Saturday, 10 April 2010

W.B. Yeats

W.B. Yeats
I like this photograph, he looks such a serious, intense young man. I have always been very fond of a quotation commonly attributed to Yeats; "Education is not the filling of a bucket, but the lighting of a fire", it encapsulates quite neatly a completely alternative view of what real learning is, and something central to the way I raised my children.
Looking at the site Poem Du Jour and clicking on the 'random' button, it gave me this one, entitled 'He wishes for the cloth of heaven':

Had I the heavens' embroidered cloths,
Enwrought with gold and silver light,
The blue and the dim and the dark cloths,
Of night and light and the half light,
I would spread the cloths under your feet:
But I, being poor, have only my dreams;
I have spread my dreams under your feet;
Tread softly, because you tread on my dreams.

4 comments:

  1. Ah, the godperson collosus, who single-handedly steered the course of Irish poetry in the English language, into the highest artistic stream of public consciousness.

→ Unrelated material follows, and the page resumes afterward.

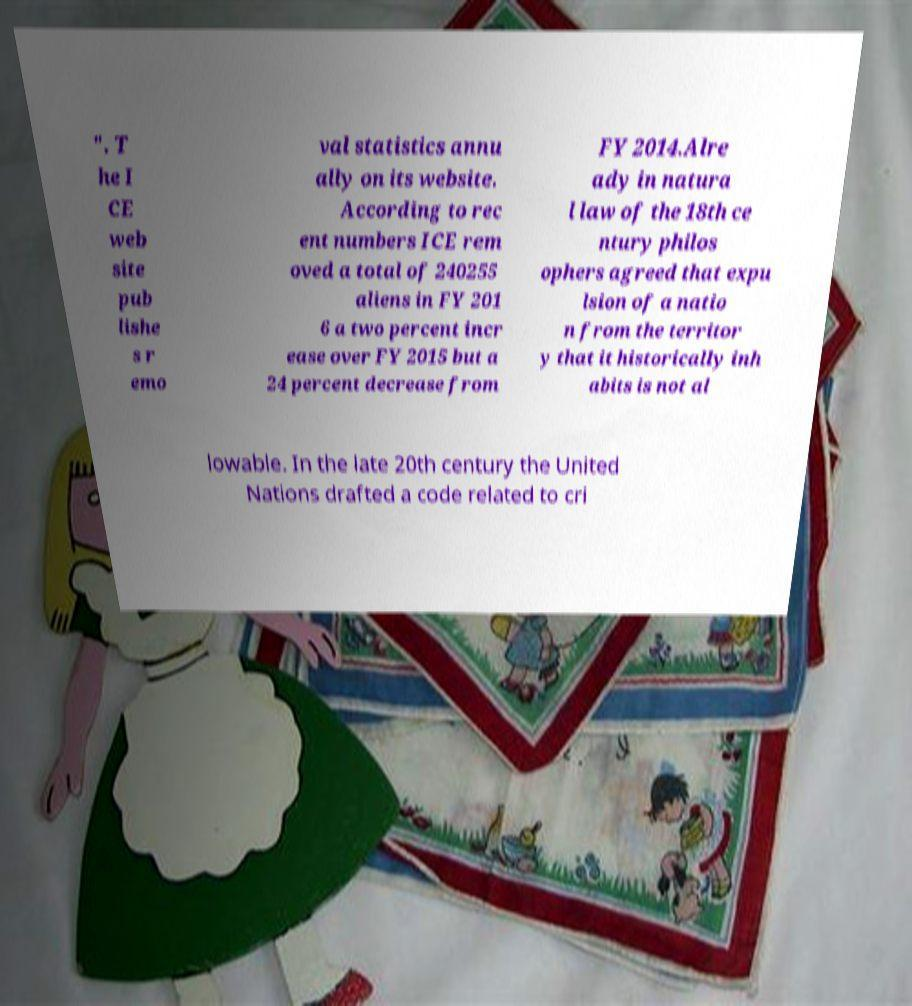Can you read and provide the text displayed in the image?This photo seems to have some interesting text. Can you extract and type it out for me? ". T he I CE web site pub lishe s r emo val statistics annu ally on its website. According to rec ent numbers ICE rem oved a total of 240255 aliens in FY 201 6 a two percent incr ease over FY 2015 but a 24 percent decrease from FY 2014.Alre ady in natura l law of the 18th ce ntury philos ophers agreed that expu lsion of a natio n from the territor y that it historically inh abits is not al lowable. In the late 20th century the United Nations drafted a code related to cri

    'Silly Willy', a Coole - Dublin - Sligo - London dreamer, national ideological visionary, hashish pill-popper who weaved the incoherent jumble of his life to a full capacity.

    Ireland's top language artist, a fili of the first order, and an ollamh whose never there was an otherworldly Tir na Og of Ireland, as a triple goddess of three Tuatha De Danann sisters and Queens of three kings, who held sway over the country at that time, a few thousand years ago.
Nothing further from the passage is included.